On retrouve ici exposée, une des trois formes fondamentales que prend l'égalité politique entre tous les citoyens:l'isokrateia= le partage égal du pouvoir entre tous les citoyens= tour à tour chacun est gouvernant et gouverné=principe du tirage au sort couplé à la rotation rapide pour distribuer les fonctions du pouvoir exécutif et judiciaire entre tous les citoyens. Le fait de définir des mandats courts et non renouvelables garantissait que chaque citoyen à un moment où à un autre de sa vie était appelé à occuper une magistrature. A l'exception des fonctions de commandement militaire ou de la réalisation de travaux publics qui exigent des compétences spéciales et font appellent à l'élection de ceux qu'on estime être les meilleurs (les aristoï), pour tout le reste on utilisait le tirage au sort qui a toujours été considéré jusqu'au XVIIIème siècle inclus comme la procédure propre à une démocratie.  C'est une façon de définir ce qu'est la démocratie: un régime où chaque citoyen est capable d'être tour à tour gouvernant et gouverné.
b)Les deux autres formes de l'égalité politique
L'isonomia=égalité devant la loi qui implique la participation de tous à la formation du nomos (la loi) (autonomie collective) et l'iségoria= partage égal de la parole publique entre tous les citoyens dans le cadre de l'Assemblée populaire (ekklésia) (cf. Le germe grec de la démocratie pour plus de développement).

IV Démocratie antique, démocratie moderne.
Un des intérêts de ce texte est de nous montrer que ce que nous appelons aujourd'hui "démocratie" est très éloigné de ce qui a été inventé sous ce nom entre le VIIIème et le Vème siècle avant J-C à Athènes.

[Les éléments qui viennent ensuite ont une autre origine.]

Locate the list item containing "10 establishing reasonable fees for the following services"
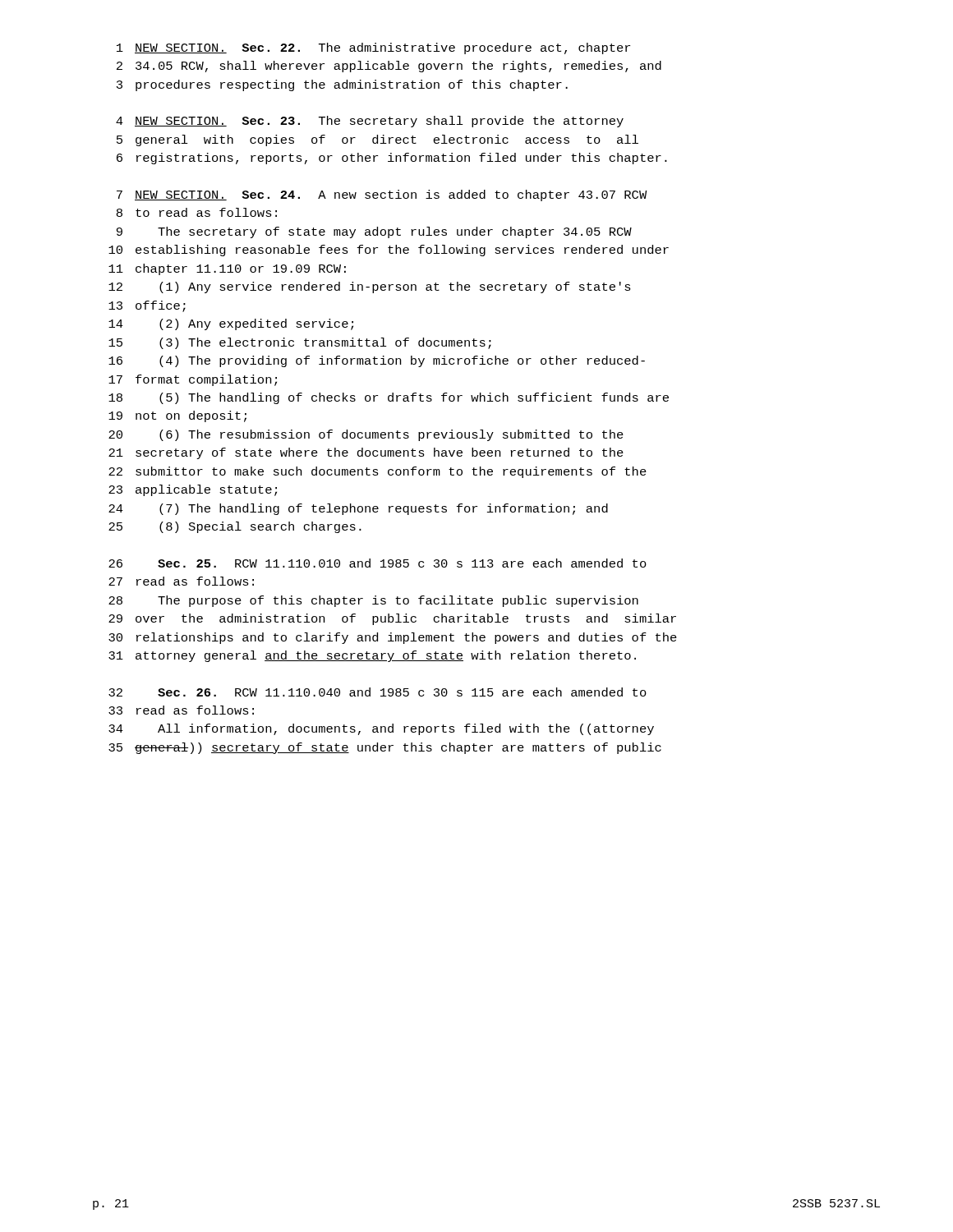This screenshot has height=1232, width=953. tap(486, 251)

Y-a -t-il en France aujourd'hui soixante millions de personnes capables de gouverner? Poser la question c'est y répondre. La comparaison n'est pas à notre avantage,pour nous les modernes, sauf sur trois points (cf. Comparaison démocratie moderne/grecque d'après Castoriadis)
a)L'isokratéia et l'isonomia sont incompatibles avec un système basé sur la représentation et la professionalisation de la vie politique que cela implique. L'iségoria est incompatible avec le monopole de la parole publique qu'exercent les politiciens professionnels. (cf. Les "démocraties" modernes).
b)Les seuls avantages dont nous pouvons nous prévaloir sur la démocratie antique sont l'idéal d'universalité qui lui était étranger et la radicalité de la mise en question des institutions.
Nous n'excluons plus certaines catégories de la population de la citoyenneté (sauf les étrangers) et nous voulons la démocratie pour tous dans le monde. La radicalité: ce ne sont plus seulement les lois que nous mettons en question mais l'ensemble des institutions de la société (critique du patriarcat menée par le féminisme, de la propriété et du salariat par le socialisme, etc.)

Conclusion
a)On rappelle que l'objet de ce texte était d'exposer la conception justifiant l'idéal démocratique comme étant le modèle d'une société juste.
b)Que c'est un principe d'égalité quant au partage du pouvoir entre tous les citoyens qui doit prévaloir impliquant une rotation des charges où chacun est tour à tour capable de commander et d'obéir, comme le formulait Aristote.
c)Qu'à l'aune de cet idéal fondateur,nos sociétés modernes sont encore très peu démocratiques en dépit de leur appellation même si elles ont pour elles l'avantage d'une exigence d'universalité et de radicalité étrangère à la mentalité grecque de l'antiquité.